Since the p-value (0.3706) is greater than α = 0.05; we don’t have strong evidence to say that there is a significant difference between the blood enzyme LDH readings before and after fasting.

3. (Ex4.02 of Higgins) Students in an introductory statistics course were asked at the beginning of the course and at the end of the course the extent to which they disagreed or agreed with the statement: Statistics is very important to my major area of study. They responded on a scale of 1 to 5 with (1) strongly disagree, (2) moderately disagree, (3) neutral, (4) moderately agree, and (5) strongly agree. Data are shown in the table.
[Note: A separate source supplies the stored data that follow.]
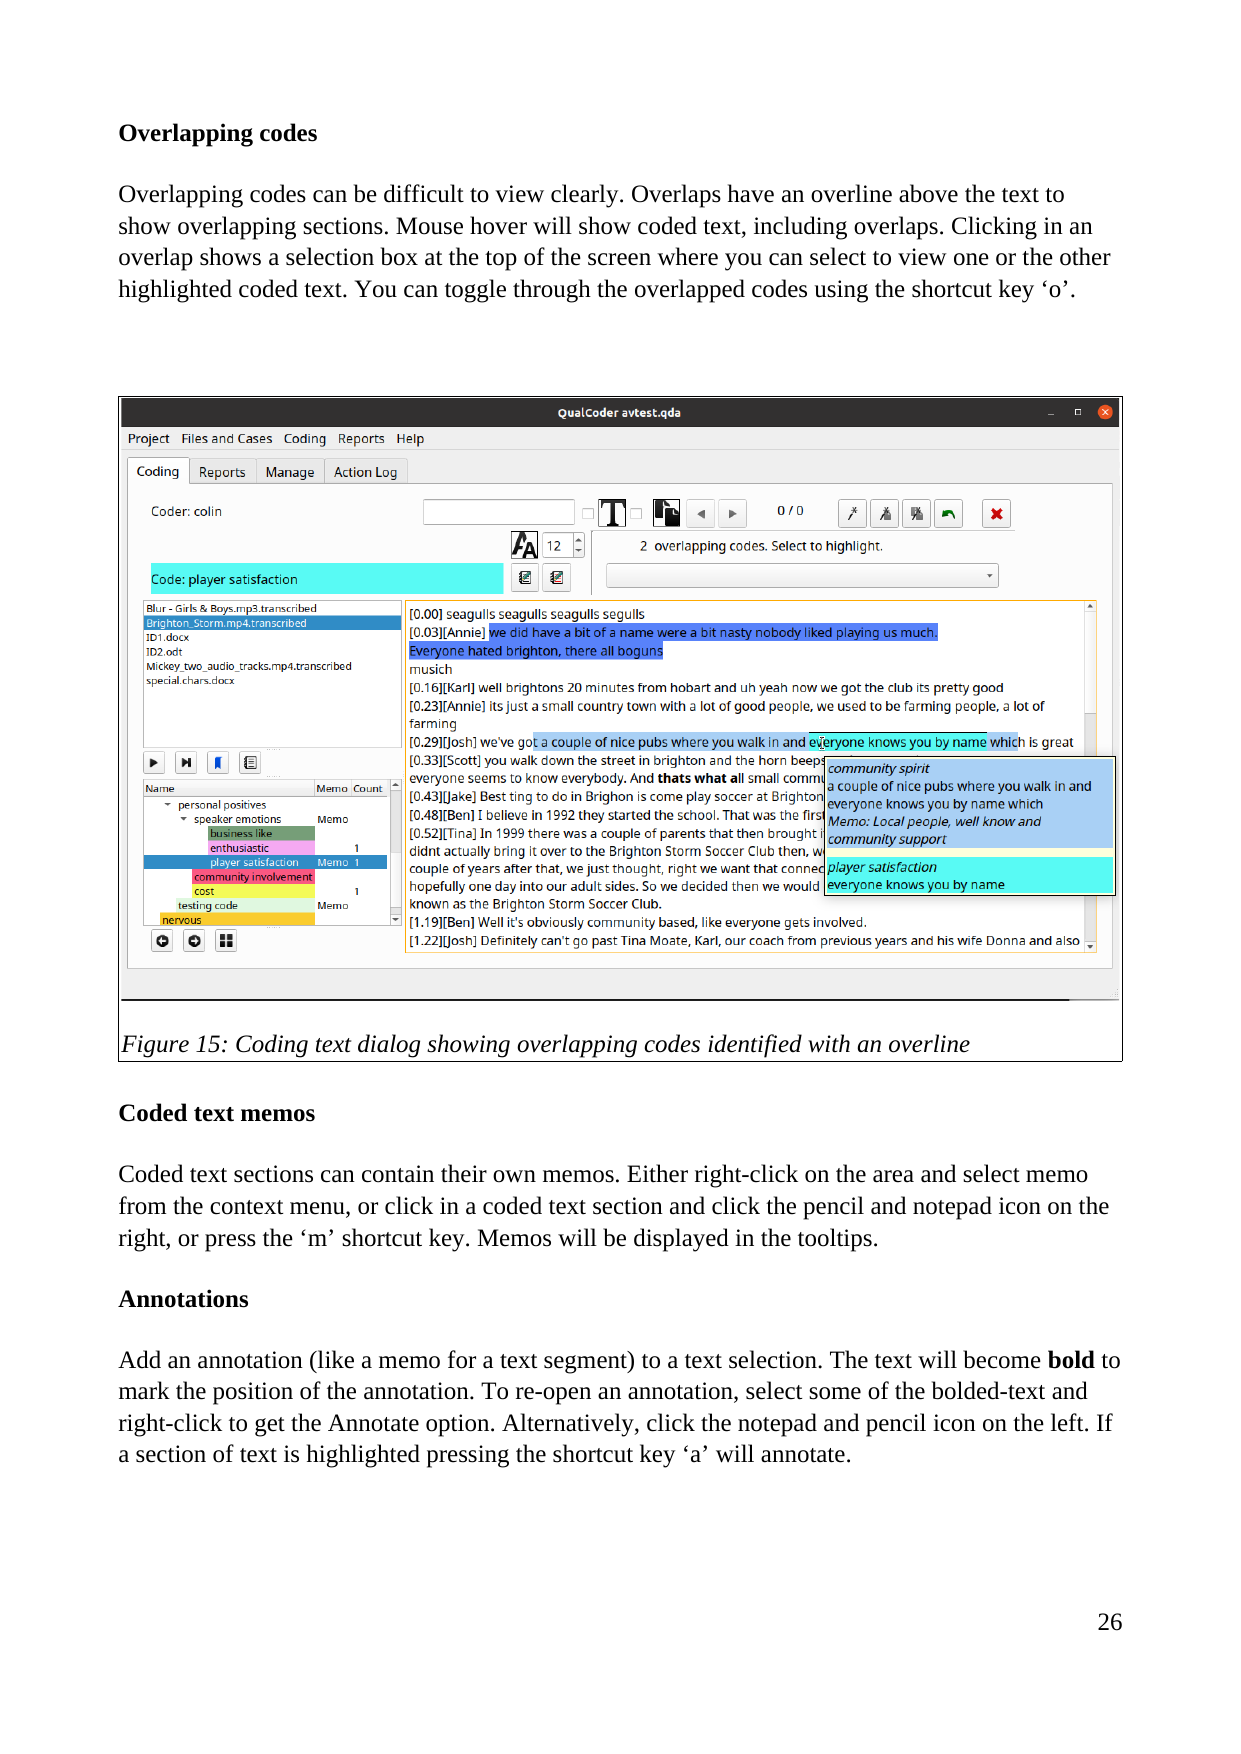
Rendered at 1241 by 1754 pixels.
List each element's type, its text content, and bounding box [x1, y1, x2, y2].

text Figure 15: Coding text dialog showing overlapping codes identified with an overline [121, 1001, 1119, 1058]
text Coded text sections can contain their own memos. Either right-click on the area and select memo from the context menu, or click in a coded text section and click the pencil and notepad icon on the right, or press the ‘m’ shortcut key. Memos will be displayed in the tooltips. [118, 1159, 1122, 1251]
text Overlapping codes can be difficult to view clearly. Overlaps have an overline above the text to show overlapping sections. Mouse hover will show coded text, including overlaps. Clicking in an overlap shows a selection box at the top of the screen where you can select to view one or the other highlighted coded text. You can toggle through the overlapped codes using the shortcut key ‘o’. [118, 179, 1122, 303]
picture [121, 398, 1120, 1001]
text Annotations [118, 1284, 1122, 1312]
text Overlapping codes [118, 118, 1122, 147]
text Coded text memos [118, 1098, 1122, 1127]
text Add an annotation (like a memo for a text segment) to a text selection. The text will become bold to mark the position of the annotation. To re-open an annotation, select some of the bolded-text and right-click to get the Annotate option. Alternatively, click the notepad and pencil icon on the left. If a section of text is highlighted pressing the shortcut key ‘a’ will annotate. [118, 1345, 1122, 1468]

Use Wilcoxons signed-rank test to determine whether responses to this question changed significantly from the beginning to the end of the semester. Use significance level 0.05.
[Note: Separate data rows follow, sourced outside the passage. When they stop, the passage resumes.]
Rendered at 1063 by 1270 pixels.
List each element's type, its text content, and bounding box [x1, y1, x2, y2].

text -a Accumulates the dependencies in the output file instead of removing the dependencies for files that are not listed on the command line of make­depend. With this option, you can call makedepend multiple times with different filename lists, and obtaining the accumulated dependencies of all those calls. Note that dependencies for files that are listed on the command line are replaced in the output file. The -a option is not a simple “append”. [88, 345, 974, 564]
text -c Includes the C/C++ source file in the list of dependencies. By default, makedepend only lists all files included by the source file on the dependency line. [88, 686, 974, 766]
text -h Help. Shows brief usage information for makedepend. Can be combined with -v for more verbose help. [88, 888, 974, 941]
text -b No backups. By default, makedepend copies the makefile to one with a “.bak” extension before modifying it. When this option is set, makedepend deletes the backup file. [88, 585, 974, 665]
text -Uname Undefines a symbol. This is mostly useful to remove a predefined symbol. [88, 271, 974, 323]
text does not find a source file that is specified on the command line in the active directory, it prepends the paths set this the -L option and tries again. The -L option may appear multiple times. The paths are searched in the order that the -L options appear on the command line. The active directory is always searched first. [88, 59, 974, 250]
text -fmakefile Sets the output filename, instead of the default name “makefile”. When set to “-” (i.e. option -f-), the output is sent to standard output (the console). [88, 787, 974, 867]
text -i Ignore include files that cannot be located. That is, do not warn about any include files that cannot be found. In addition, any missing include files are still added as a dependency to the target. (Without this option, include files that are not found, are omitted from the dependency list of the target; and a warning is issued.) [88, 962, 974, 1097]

Subject 1 2 3 4 5 6 7 8 9 10 11 12 13 14 15 16 17 18 19 Before 2 3 4 4 3 1 3 4 4 5 3 4 2 2 4 3 4 2 2 After 2 4 4 4 4 4 3 5 4 4 4 5 4 2 5 5 4 1 2

(a) Construct appropriate null and alternative hypotheses.

Answer

Hypothesis:

Null Hypothesis, \(H_o\): \(\theta\) = 0 Alternative Hypothesis, \(H_a\): \(\theta\) \(\neq\) 0 Here, we are assuming a significance level of \(\alpha\) = 0.05 where θ is the changes of responses of the students in an introductory statistics course to the question between the beginning and the end of the semester.
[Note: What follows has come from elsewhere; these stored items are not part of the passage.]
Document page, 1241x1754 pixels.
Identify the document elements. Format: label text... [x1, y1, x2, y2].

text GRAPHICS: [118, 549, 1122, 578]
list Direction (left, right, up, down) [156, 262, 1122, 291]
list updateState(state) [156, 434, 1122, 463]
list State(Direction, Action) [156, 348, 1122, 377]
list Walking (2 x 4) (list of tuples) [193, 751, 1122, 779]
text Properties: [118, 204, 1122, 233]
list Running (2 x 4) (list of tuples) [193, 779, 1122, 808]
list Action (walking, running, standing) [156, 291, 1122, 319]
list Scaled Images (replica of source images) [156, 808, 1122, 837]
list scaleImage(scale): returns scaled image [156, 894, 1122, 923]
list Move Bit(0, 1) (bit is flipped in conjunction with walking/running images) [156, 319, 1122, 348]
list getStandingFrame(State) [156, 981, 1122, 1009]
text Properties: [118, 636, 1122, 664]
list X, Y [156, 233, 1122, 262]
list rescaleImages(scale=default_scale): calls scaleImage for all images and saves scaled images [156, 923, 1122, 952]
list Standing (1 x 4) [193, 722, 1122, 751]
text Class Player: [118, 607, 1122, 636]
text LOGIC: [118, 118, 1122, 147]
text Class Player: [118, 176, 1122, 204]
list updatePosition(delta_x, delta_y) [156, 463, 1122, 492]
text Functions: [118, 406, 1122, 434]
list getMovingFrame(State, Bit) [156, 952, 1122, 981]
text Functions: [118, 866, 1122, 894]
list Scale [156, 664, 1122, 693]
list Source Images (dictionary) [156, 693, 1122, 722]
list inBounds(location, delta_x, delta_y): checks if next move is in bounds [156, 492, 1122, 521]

(b) Test using Wilcoxons signed-rank statistic. Compute the p-value of the test using the exact null distribution of SR+ and state your conclusion.

Answer

#install packages to deal with exact test Wilcoxon sign rank test with ties
#install.packages(exactRankTests)
#install.packages("coin")
library(coin) #load the library coin
## Loading required package: survival
before_data1 = c(2,3,4,4,3,1,3,4,4,5,3,4,2,2,4,3,4,2,2)
after_data1 = c(2,4,4,4,4,4,3,5,4,4,4,5,4,2,5,5,4,1,2)
wilcox.test(before_data1,after_data1, paired = TRUE, alternative="two.sided",exact = NULL) 
## Warning in wilcox.test.default(before_data1, after_data1, paired = TRUE, :
## cannot compute exact p-value with ties
## Warning in wilcox.test.default(before_data1, after_data1, paired = TRUE, :
## cannot compute exact p-value with zeroes
## 
##  Wilcoxon signed rank test with continuity correction
## 
## data:  before_data1 and after_data1
## V = 9, p-value = 0.02903
## alternative hypothesis: true location shift is not equal to 0

From R code, we can conclude by saying that Since the p-value 0.02903 which is less than the significance level. We can reject the null hypothesis and conclude that the responses to the question have changed significantly from the beginning to the end of the semester.